Stored records
★ ★ ★

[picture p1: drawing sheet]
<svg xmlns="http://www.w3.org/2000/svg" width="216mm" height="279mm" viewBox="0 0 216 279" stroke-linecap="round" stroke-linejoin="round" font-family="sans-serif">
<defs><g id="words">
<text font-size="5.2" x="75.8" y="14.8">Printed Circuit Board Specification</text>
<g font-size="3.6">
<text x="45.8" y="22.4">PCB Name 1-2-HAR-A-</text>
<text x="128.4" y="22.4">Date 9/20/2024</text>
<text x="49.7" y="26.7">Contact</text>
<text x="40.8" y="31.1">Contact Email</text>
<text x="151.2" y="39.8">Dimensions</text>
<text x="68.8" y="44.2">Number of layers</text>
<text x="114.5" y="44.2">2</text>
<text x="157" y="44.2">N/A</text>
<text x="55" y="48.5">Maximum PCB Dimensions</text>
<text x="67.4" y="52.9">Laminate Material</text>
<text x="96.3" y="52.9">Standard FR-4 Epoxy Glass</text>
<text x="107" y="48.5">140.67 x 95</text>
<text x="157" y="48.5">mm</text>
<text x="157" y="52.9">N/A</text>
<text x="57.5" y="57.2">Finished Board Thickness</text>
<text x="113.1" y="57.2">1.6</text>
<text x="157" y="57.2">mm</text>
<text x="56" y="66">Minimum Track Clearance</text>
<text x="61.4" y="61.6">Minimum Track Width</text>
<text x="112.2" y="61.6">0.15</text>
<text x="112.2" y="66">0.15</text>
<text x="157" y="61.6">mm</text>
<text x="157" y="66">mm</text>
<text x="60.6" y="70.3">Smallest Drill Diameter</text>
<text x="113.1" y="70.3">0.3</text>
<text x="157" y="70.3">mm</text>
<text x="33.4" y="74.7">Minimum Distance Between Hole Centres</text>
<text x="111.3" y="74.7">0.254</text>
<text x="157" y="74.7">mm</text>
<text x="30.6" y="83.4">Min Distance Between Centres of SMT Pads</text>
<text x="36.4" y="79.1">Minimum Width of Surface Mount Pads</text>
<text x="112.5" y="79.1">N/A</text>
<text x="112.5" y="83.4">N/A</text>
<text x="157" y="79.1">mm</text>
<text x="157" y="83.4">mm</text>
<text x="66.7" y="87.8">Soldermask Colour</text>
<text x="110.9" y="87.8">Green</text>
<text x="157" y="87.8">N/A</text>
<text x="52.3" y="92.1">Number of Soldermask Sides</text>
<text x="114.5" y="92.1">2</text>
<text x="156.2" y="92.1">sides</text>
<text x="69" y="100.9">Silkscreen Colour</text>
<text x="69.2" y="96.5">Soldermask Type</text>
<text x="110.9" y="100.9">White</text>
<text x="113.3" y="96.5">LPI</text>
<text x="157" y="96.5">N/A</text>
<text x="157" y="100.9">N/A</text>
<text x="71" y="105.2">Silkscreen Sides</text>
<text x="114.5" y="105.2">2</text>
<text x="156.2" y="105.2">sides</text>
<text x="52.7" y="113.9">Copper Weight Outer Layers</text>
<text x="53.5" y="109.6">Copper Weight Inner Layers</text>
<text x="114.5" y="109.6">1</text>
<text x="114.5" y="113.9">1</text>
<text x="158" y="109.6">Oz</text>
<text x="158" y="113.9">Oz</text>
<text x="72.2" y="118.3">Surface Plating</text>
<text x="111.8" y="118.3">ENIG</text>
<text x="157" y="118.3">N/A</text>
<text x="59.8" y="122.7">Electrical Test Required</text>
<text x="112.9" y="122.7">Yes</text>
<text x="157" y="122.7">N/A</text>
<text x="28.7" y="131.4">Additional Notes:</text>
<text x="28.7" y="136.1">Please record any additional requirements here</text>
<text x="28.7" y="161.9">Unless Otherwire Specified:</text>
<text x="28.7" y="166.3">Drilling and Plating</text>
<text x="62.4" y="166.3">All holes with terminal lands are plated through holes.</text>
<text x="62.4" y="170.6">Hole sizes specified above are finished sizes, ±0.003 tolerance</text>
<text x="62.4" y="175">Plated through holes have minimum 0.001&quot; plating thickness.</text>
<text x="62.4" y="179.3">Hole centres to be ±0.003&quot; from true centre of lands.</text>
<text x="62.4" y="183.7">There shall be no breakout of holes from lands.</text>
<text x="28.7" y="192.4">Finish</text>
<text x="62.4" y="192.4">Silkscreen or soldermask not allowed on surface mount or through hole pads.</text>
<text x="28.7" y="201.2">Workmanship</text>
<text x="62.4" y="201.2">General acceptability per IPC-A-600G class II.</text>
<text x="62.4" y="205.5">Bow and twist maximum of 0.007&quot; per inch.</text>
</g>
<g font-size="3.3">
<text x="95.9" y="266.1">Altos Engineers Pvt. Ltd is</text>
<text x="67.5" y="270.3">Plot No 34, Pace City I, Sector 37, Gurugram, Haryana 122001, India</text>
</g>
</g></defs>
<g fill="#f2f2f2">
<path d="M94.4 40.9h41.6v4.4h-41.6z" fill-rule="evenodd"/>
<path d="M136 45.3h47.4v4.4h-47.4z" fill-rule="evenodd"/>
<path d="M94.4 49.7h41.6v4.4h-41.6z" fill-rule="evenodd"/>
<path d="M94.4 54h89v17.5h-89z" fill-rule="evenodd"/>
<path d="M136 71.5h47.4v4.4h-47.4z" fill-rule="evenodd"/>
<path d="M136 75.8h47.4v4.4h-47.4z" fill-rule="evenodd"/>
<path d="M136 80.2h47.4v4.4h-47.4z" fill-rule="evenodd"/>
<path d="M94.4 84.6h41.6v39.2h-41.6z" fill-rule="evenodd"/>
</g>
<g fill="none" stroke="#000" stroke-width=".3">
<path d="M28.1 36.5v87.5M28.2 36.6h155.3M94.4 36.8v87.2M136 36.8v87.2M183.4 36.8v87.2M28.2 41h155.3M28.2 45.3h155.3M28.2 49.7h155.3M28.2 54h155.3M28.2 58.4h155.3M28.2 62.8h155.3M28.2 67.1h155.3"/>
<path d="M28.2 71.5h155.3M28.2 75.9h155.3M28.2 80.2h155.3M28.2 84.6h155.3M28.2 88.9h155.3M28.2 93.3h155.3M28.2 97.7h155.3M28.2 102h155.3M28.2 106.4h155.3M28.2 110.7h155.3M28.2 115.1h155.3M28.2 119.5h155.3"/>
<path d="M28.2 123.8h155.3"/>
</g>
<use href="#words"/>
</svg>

★ ★ ★

### HOW TO COMPLETE THIS TASK
Return all lines in the data that include the word "Board".

### EXERCISE ANSWER
<text font-size="5.2" x="75.8" y="14.8">Printed Circuit Board Specification</text>
<text x="57.5" y="57.2">Finished Board Thickness</text>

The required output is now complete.